Com cinco títulos mundiais e ídolos do quilate de Pelé, Garrincha, Ronaldo, Romário e, hoje em dia, Neymar, o Brasil é conhecido como o país do futebol. Nesta Copa do Mundo, como tradicionalmente acontece de quatro em quatro anos, os bares lotaram, o comércio fechou e as ruas se enfeitaram de verde e amarelo para ver a Seleção Brasileira vencer a Sérvia por 2 a 0, conquistar uma magra vitória por 1 a 0 sobre a Suiça e perder para Camarões pela contagem mínima. E não é apenas em território nacional que os jogadores comandados por Tite reúnem fãs. Em diversos pontos do mundo — todos eles em países subdesenvolvidos ou em desenvolvimento —, milhares de torcedores com outro passaporte se juntaram para torcer pelo Brasil. Até mesmo gritos de “olê, olê, olê, Brasil, Brasil” são ouvidos e reproduzidos em vídeos que mostram o poder de mobilização da Seleção.

Um dos principais focos da torcida pelo Brasil está no Haiti. Um vídeo que viralizou nas redes sociais mostra milhares de haitianos comemorando o gol de Casemiro contra a Suíça. É possível visualizar adultos e crianças com camisas e bandeiras da Seleção Brasileira. Registrado no documentário “O Dia em Que o Brasil Esteve Aqui”, de 2005, o histórico Jogo da Paz ajuda a explicar a paixão dos haitianos pela “Canarinho”. Em 18 de agosto daquele ano, foi realizada em Porto Príncipe, capital do país caribenho, uma partida entre a Seleção Brasileira, campeã mundial de 2002, e a seleção haitiana. O filme mostra como nasceu a história de paixão entre as duas torcidas. “Se alguém ainda tinha dúvida em relação à validade desta viagem, deve ter se convencido diante dessas imagens.
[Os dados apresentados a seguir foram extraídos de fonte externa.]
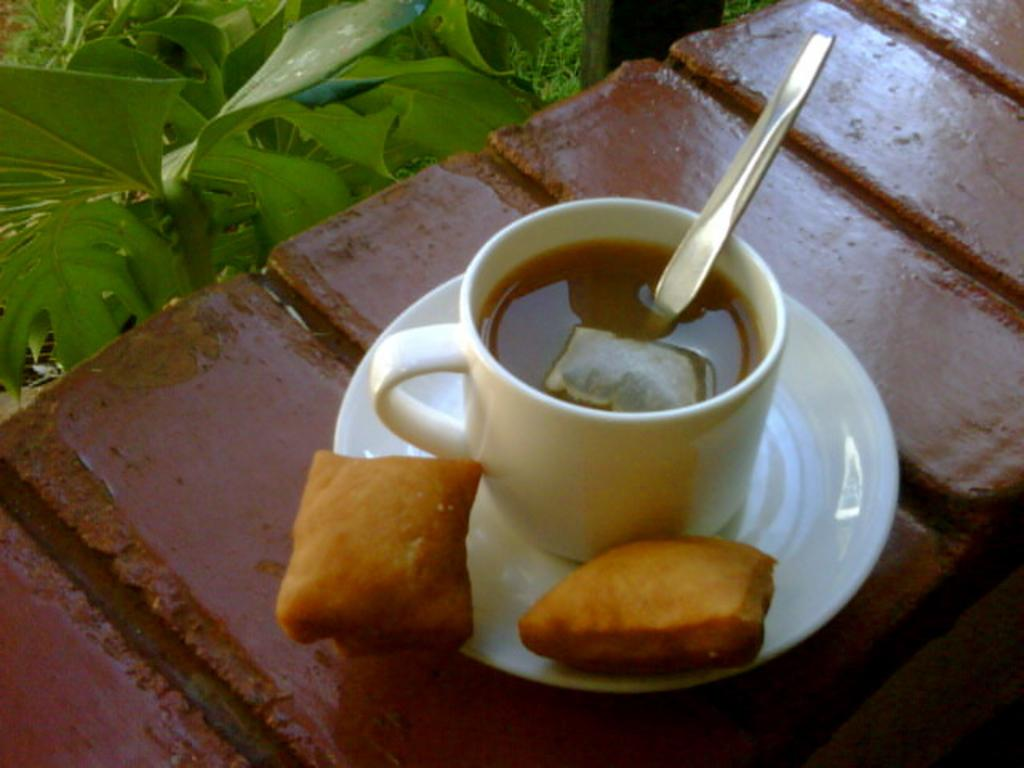What type of dishware is present in the image? There is a white color saucer and a white color tea cup in the image. What is placed inside the tea cup? There is a spoon kept in the tea cup. What other object can be seen in the image? There is a green color plant in the image. How many women are walking in the direction of the yak in the image? There are no women or yaks present in the image. 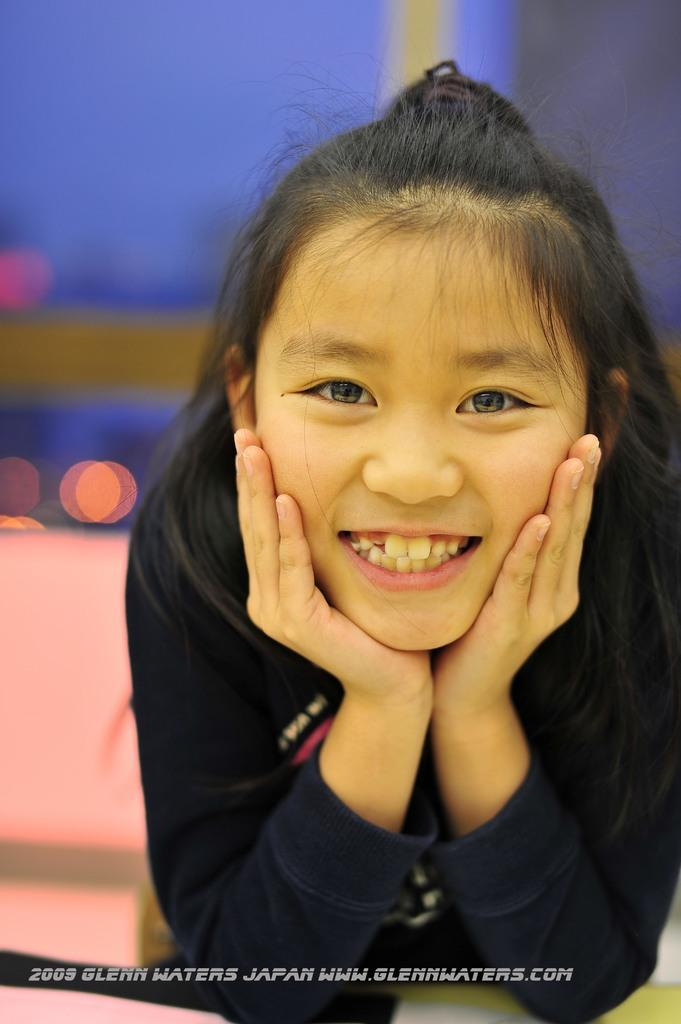What is the main subject of the picture? The main subject of the picture is a girl. Can you describe the girl's expression in the picture? The girl has a pretty smile on her face. What type of rat can be seen in the picture? There is no rat present in the picture; it features a girl with a pretty smile on her face. What news is being reported in the picture? There is no news being reported in the picture; it features a girl with a pretty smile on her face.

Na próxima vez que me perguntarem qual a emoção mais forte que vivi no futebol, direi que foi esta. E olha que todos sabem que já vivi”, disse Carlos Alberto Parreira, técnico do Brasil na época, comovido com a emoção dos haitianos ao verem de perto Ronaldo, Roberto Carlos, Ronaldinho Gaúcho e companhia.

Parceira do Brasil no Brics, grupo de países de economias emergentes do qual também fazem parte Rússia, China e África do Sul, a Índia tem torcedores fervorosos da Seleção Brasileira. No Estado de Kerala, localizado ao sul, cartazes gigantes de Neymar e Messi roubam espaço do críquete, o esporte número um do país. Há, inclusive, registros de “brasileiros” e “argentinos” participando de brigas violentas, como se fossem integrantes da Gaviões da Fiel e da Mancha Alviverde. “As pessoas gostam de retratar estrelas como personagens grandiosos em Kerala e isso também se aplica a estrelas de cinema. Mas os jogadores de futebol se conectam com eles em um nível diferente, especialmente os do Brasil e da Argentina”, explicou um torcedor do Brasil à TV Al Jazerra. Em fóruns na internet, pessoas de outros países — sobretudo europeus —  estranham e procuram saber por que os indianos acompanham a “Canarinho” com tanto fervor. A maioria das explicações recorda o título de 2002 e exalta a qualidade de nossos craques. “O amor pelo time de futebol do Brasil pelos indianos foi desenvolvido na época em que o futebol chegou ao nosso país. No início de 2002, o futebol chegou ao mercado mundial em todos os lugares, e também na Índia. Naquela época o Brasil e a França eram os melhores times. A seleção do Brasil tinha Ronaldo, Ronaldinho, Rivaldo, Kaká, Roberto Carlos e outros grandes jogadores. A França contava com o Zidane. No entanto, o Brasil ganhou a Copa, e a Brasilmania aumentou entre os indianos”, destacou no Quora (rede social de perguntas e respostas) um usuário identificado como Hasim Mohammed.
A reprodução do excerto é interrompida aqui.